ACTIVITY :: The answer must be one number: how many lines in the records below contain the word "Does".

/---

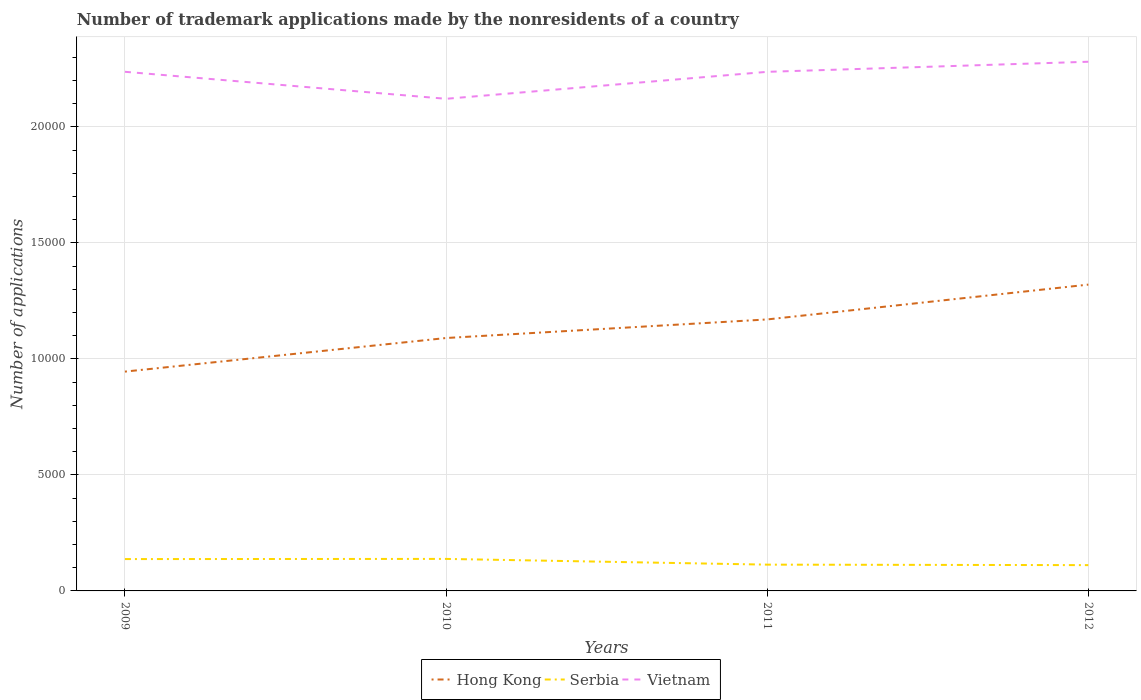Is the number of lines equal to the number of legend labels?
Your response must be concise. Yes. Across all years, what is the maximum number of trademark applications made by the nonresidents in Hong Kong?
Provide a short and direct response. 9454. In which year was the number of trademark applications made by the nonresidents in Vietnam maximum?
Keep it short and to the point. 2010. What is the total number of trademark applications made by the nonresidents in Vietnam in the graph?
Offer a terse response. -433. What is the difference between the highest and the second highest number of trademark applications made by the nonresidents in Hong Kong?
Give a very brief answer. 3750. What is the difference between the highest and the lowest number of trademark applications made by the nonresidents in Serbia?
Your response must be concise. 2. Is the number of trademark applications made by the nonresidents in Serbia strictly greater than the number of trademark applications made by the nonresidents in Hong Kong over the years?
Offer a terse response. Yes. What is the difference between two consecutive major ticks on the Y-axis?
Ensure brevity in your answer.  5000. Are the values on the major ticks of Y-axis written in scientific E-notation?
Your answer should be compact. No. Does the graph contain grids?
Offer a terse response. Yes. How are the legend labels stacked?
Ensure brevity in your answer.  Horizontal. What is the title of the graph?
Provide a succinct answer. Number of trademark applications made by the nonresidents of a country. Does "Uruguay" appear as one of the legend labels in the graph?
Ensure brevity in your answer.  No. What is the label or title of the Y-axis?
Your answer should be very brief. Number of applications. What is the Number of applications of Hong Kong in 2009?
Provide a succinct answer. 9454. What is the Number of applications in Serbia in 2009?
Provide a succinct answer. 1373. What is the Number of applications of Vietnam in 2009?
Offer a terse response. 2.24e+04. What is the Number of applications of Hong Kong in 2010?
Offer a very short reply. 1.09e+04. What is the Number of applications of Serbia in 2010?
Make the answer very short. 1380. What is the Number of applications in Vietnam in 2010?
Make the answer very short. 2.12e+04. What is the Number of applications in Hong Kong in 2011?
Provide a succinct answer. 1.17e+04. What is the Number of applications in Serbia in 2011?
Keep it short and to the point. 1133. What is the Number of applications of Vietnam in 2011?
Your answer should be very brief. 2.24e+04. What is the Number of applications of Hong Kong in 2012?
Offer a terse response. 1.32e+04. What is the Number of applications in Serbia in 2012?
Provide a succinct answer. 1112. What is the Number of applications of Vietnam in 2012?
Provide a succinct answer. 2.28e+04. Across all years, what is the maximum Number of applications of Hong Kong?
Your response must be concise. 1.32e+04. Across all years, what is the maximum Number of applications in Serbia?
Make the answer very short. 1380. Across all years, what is the maximum Number of applications in Vietnam?
Keep it short and to the point. 2.28e+04. Across all years, what is the minimum Number of applications in Hong Kong?
Make the answer very short. 9454. Across all years, what is the minimum Number of applications in Serbia?
Your answer should be very brief. 1112. Across all years, what is the minimum Number of applications in Vietnam?
Your answer should be compact. 2.12e+04. What is the total Number of applications of Hong Kong in the graph?
Ensure brevity in your answer.  4.53e+04. What is the total Number of applications in Serbia in the graph?
Give a very brief answer. 4998. What is the total Number of applications in Vietnam in the graph?
Your answer should be compact. 8.88e+04. What is the difference between the Number of applications of Hong Kong in 2009 and that in 2010?
Your answer should be compact. -1448. What is the difference between the Number of applications in Vietnam in 2009 and that in 2010?
Keep it short and to the point. 1164. What is the difference between the Number of applications in Hong Kong in 2009 and that in 2011?
Keep it short and to the point. -2249. What is the difference between the Number of applications of Serbia in 2009 and that in 2011?
Offer a terse response. 240. What is the difference between the Number of applications of Vietnam in 2009 and that in 2011?
Make the answer very short. 2. What is the difference between the Number of applications in Hong Kong in 2009 and that in 2012?
Offer a terse response. -3750. What is the difference between the Number of applications in Serbia in 2009 and that in 2012?
Your response must be concise. 261. What is the difference between the Number of applications of Vietnam in 2009 and that in 2012?
Your answer should be compact. -433. What is the difference between the Number of applications in Hong Kong in 2010 and that in 2011?
Your answer should be compact. -801. What is the difference between the Number of applications in Serbia in 2010 and that in 2011?
Your answer should be very brief. 247. What is the difference between the Number of applications in Vietnam in 2010 and that in 2011?
Give a very brief answer. -1162. What is the difference between the Number of applications in Hong Kong in 2010 and that in 2012?
Keep it short and to the point. -2302. What is the difference between the Number of applications of Serbia in 2010 and that in 2012?
Keep it short and to the point. 268. What is the difference between the Number of applications in Vietnam in 2010 and that in 2012?
Provide a short and direct response. -1597. What is the difference between the Number of applications of Hong Kong in 2011 and that in 2012?
Offer a terse response. -1501. What is the difference between the Number of applications in Vietnam in 2011 and that in 2012?
Provide a succinct answer. -435. What is the difference between the Number of applications of Hong Kong in 2009 and the Number of applications of Serbia in 2010?
Offer a terse response. 8074. What is the difference between the Number of applications of Hong Kong in 2009 and the Number of applications of Vietnam in 2010?
Offer a terse response. -1.18e+04. What is the difference between the Number of applications of Serbia in 2009 and the Number of applications of Vietnam in 2010?
Ensure brevity in your answer.  -1.98e+04. What is the difference between the Number of applications in Hong Kong in 2009 and the Number of applications in Serbia in 2011?
Keep it short and to the point. 8321. What is the difference between the Number of applications in Hong Kong in 2009 and the Number of applications in Vietnam in 2011?
Your response must be concise. -1.29e+04. What is the difference between the Number of applications of Serbia in 2009 and the Number of applications of Vietnam in 2011?
Your answer should be compact. -2.10e+04. What is the difference between the Number of applications in Hong Kong in 2009 and the Number of applications in Serbia in 2012?
Your answer should be very brief. 8342. What is the difference between the Number of applications of Hong Kong in 2009 and the Number of applications of Vietnam in 2012?
Ensure brevity in your answer.  -1.34e+04. What is the difference between the Number of applications of Serbia in 2009 and the Number of applications of Vietnam in 2012?
Provide a short and direct response. -2.14e+04. What is the difference between the Number of applications of Hong Kong in 2010 and the Number of applications of Serbia in 2011?
Provide a succinct answer. 9769. What is the difference between the Number of applications in Hong Kong in 2010 and the Number of applications in Vietnam in 2011?
Offer a terse response. -1.15e+04. What is the difference between the Number of applications in Serbia in 2010 and the Number of applications in Vietnam in 2011?
Keep it short and to the point. -2.10e+04. What is the difference between the Number of applications in Hong Kong in 2010 and the Number of applications in Serbia in 2012?
Make the answer very short. 9790. What is the difference between the Number of applications of Hong Kong in 2010 and the Number of applications of Vietnam in 2012?
Provide a short and direct response. -1.19e+04. What is the difference between the Number of applications in Serbia in 2010 and the Number of applications in Vietnam in 2012?
Make the answer very short. -2.14e+04. What is the difference between the Number of applications in Hong Kong in 2011 and the Number of applications in Serbia in 2012?
Offer a very short reply. 1.06e+04. What is the difference between the Number of applications in Hong Kong in 2011 and the Number of applications in Vietnam in 2012?
Your answer should be compact. -1.11e+04. What is the difference between the Number of applications of Serbia in 2011 and the Number of applications of Vietnam in 2012?
Ensure brevity in your answer.  -2.17e+04. What is the average Number of applications of Hong Kong per year?
Provide a succinct answer. 1.13e+04. What is the average Number of applications of Serbia per year?
Give a very brief answer. 1249.5. What is the average Number of applications of Vietnam per year?
Your response must be concise. 2.22e+04. In the year 2009, what is the difference between the Number of applications in Hong Kong and Number of applications in Serbia?
Provide a short and direct response. 8081. In the year 2009, what is the difference between the Number of applications of Hong Kong and Number of applications of Vietnam?
Ensure brevity in your answer.  -1.29e+04. In the year 2009, what is the difference between the Number of applications of Serbia and Number of applications of Vietnam?
Make the answer very short. -2.10e+04. In the year 2010, what is the difference between the Number of applications of Hong Kong and Number of applications of Serbia?
Provide a succinct answer. 9522. In the year 2010, what is the difference between the Number of applications of Hong Kong and Number of applications of Vietnam?
Offer a very short reply. -1.03e+04. In the year 2010, what is the difference between the Number of applications of Serbia and Number of applications of Vietnam?
Keep it short and to the point. -1.98e+04. In the year 2011, what is the difference between the Number of applications of Hong Kong and Number of applications of Serbia?
Keep it short and to the point. 1.06e+04. In the year 2011, what is the difference between the Number of applications of Hong Kong and Number of applications of Vietnam?
Your response must be concise. -1.07e+04. In the year 2011, what is the difference between the Number of applications of Serbia and Number of applications of Vietnam?
Offer a very short reply. -2.12e+04. In the year 2012, what is the difference between the Number of applications in Hong Kong and Number of applications in Serbia?
Your answer should be compact. 1.21e+04. In the year 2012, what is the difference between the Number of applications of Hong Kong and Number of applications of Vietnam?
Provide a succinct answer. -9607. In the year 2012, what is the difference between the Number of applications of Serbia and Number of applications of Vietnam?
Keep it short and to the point. -2.17e+04. What is the ratio of the Number of applications in Hong Kong in 2009 to that in 2010?
Provide a succinct answer. 0.87. What is the ratio of the Number of applications of Serbia in 2009 to that in 2010?
Provide a succinct answer. 0.99. What is the ratio of the Number of applications of Vietnam in 2009 to that in 2010?
Give a very brief answer. 1.05. What is the ratio of the Number of applications of Hong Kong in 2009 to that in 2011?
Provide a succinct answer. 0.81. What is the ratio of the Number of applications of Serbia in 2009 to that in 2011?
Offer a terse response. 1.21. What is the ratio of the Number of applications in Vietnam in 2009 to that in 2011?
Ensure brevity in your answer.  1. What is the ratio of the Number of applications in Hong Kong in 2009 to that in 2012?
Provide a short and direct response. 0.72. What is the ratio of the Number of applications in Serbia in 2009 to that in 2012?
Offer a terse response. 1.23. What is the ratio of the Number of applications in Vietnam in 2009 to that in 2012?
Your answer should be compact. 0.98. What is the ratio of the Number of applications of Hong Kong in 2010 to that in 2011?
Make the answer very short. 0.93. What is the ratio of the Number of applications in Serbia in 2010 to that in 2011?
Ensure brevity in your answer.  1.22. What is the ratio of the Number of applications of Vietnam in 2010 to that in 2011?
Make the answer very short. 0.95. What is the ratio of the Number of applications of Hong Kong in 2010 to that in 2012?
Keep it short and to the point. 0.83. What is the ratio of the Number of applications in Serbia in 2010 to that in 2012?
Give a very brief answer. 1.24. What is the ratio of the Number of applications in Hong Kong in 2011 to that in 2012?
Give a very brief answer. 0.89. What is the ratio of the Number of applications in Serbia in 2011 to that in 2012?
Keep it short and to the point. 1.02. What is the ratio of the Number of applications in Vietnam in 2011 to that in 2012?
Offer a terse response. 0.98. What is the difference between the highest and the second highest Number of applications of Hong Kong?
Ensure brevity in your answer.  1501. What is the difference between the highest and the second highest Number of applications in Serbia?
Give a very brief answer. 7. What is the difference between the highest and the second highest Number of applications in Vietnam?
Provide a succinct answer. 433. What is the difference between the highest and the lowest Number of applications of Hong Kong?
Give a very brief answer. 3750. What is the difference between the highest and the lowest Number of applications of Serbia?
Offer a very short reply. 268. What is the difference between the highest and the lowest Number of applications of Vietnam?
Your answer should be compact. 1597.

\---

SOLUTION FOR THIS PROBLEM :: 2